Here is the context of this question.
Hartshorne claim that $O_X(U)\cong \beta_*(O_V)(U)=O_V(\beta^{-1}(U))$ for any open $U\subset X=\operatorname{Spec}A$,but it is possible that $\beta^{-1}(U)=\emptyset$ for some $U$.For example,let $U=X-\beta(V)$,since $\beta$ is a homeomorphism from $V$ to $\beta(V)\subset X$,$U$ is open and $\beta^{-1}(U)=\emptyset$.So $O_X(U)=0$.Contradiction?
Edit:There are no mistakes.We can show that $\beta^{-1}(U)\neq\emptyset$ for any $U \neq\emptyset$ using the fact that $\beta(V)$ is dense in $X$.
There is no mistake in Hartshorne: the map $\beta : V\to X$ is indeed a homeomorphism onto its image but that image $\beta (V)\subset X$ is not closed, so that its complement $U$ is not open and the suggested counter-example collapses.

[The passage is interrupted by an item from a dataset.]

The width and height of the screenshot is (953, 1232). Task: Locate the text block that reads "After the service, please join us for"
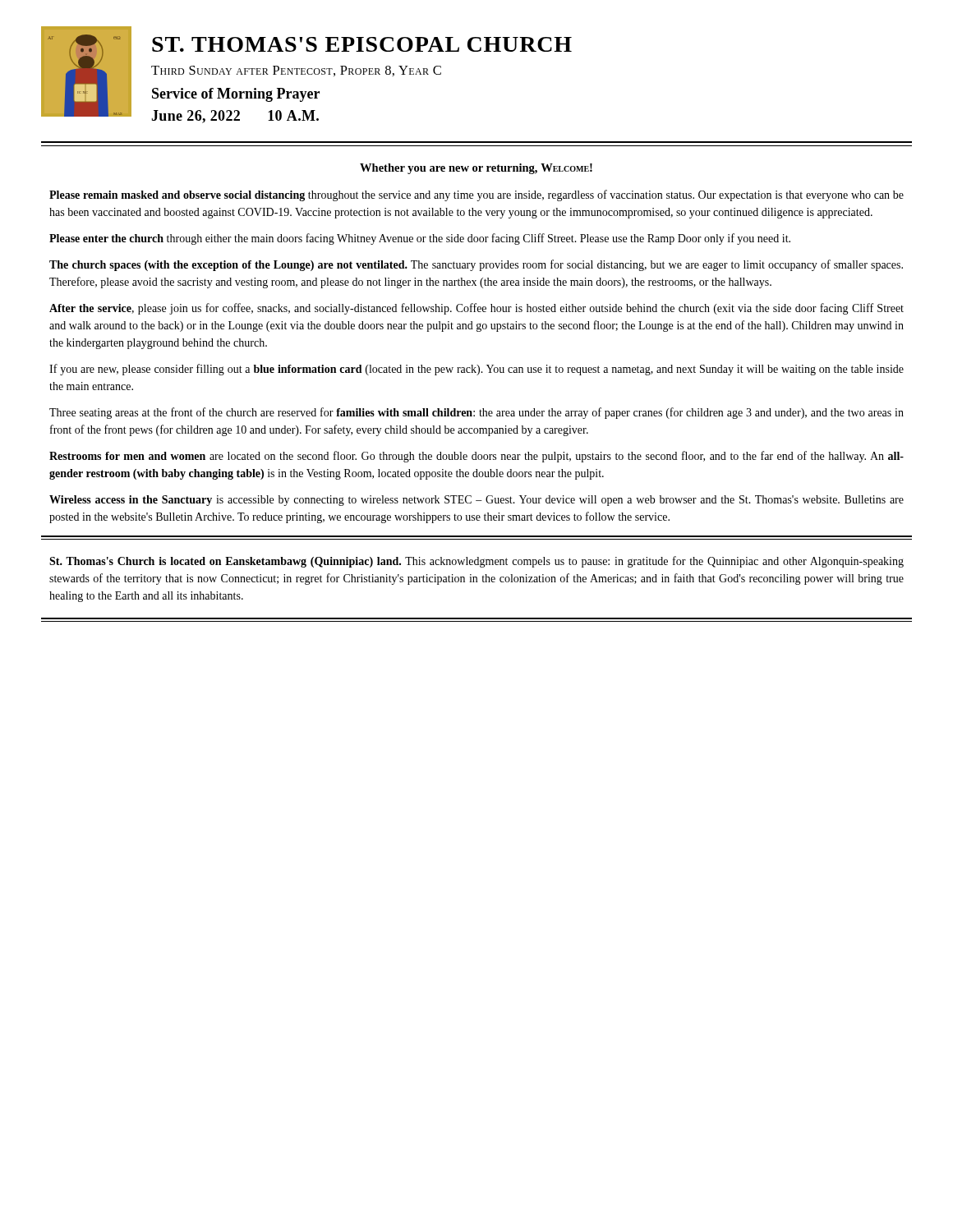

The simplest illustration:
Take for $V$ the affine line $\mathbb C$ so that $A=\mathbb C[T]$ and $X=\operatorname {Spec}(A)=\mathbb A^1_{\mathbb C}$.
The map $\beta $ sends $\mathbb C$ homeomorphically onto the set $\mathbb A^1_{\mathbb C}(\mathbb C)$ of closed points of $X$, but the complement $U=X\setminus \beta (V)=X\setminus \mathbb A^1_{\mathbb C}(\mathbb C)=\{\eta\}$ is the singleton set consisting of just the generic point $\eta$ and that singleton set is not open in $X$.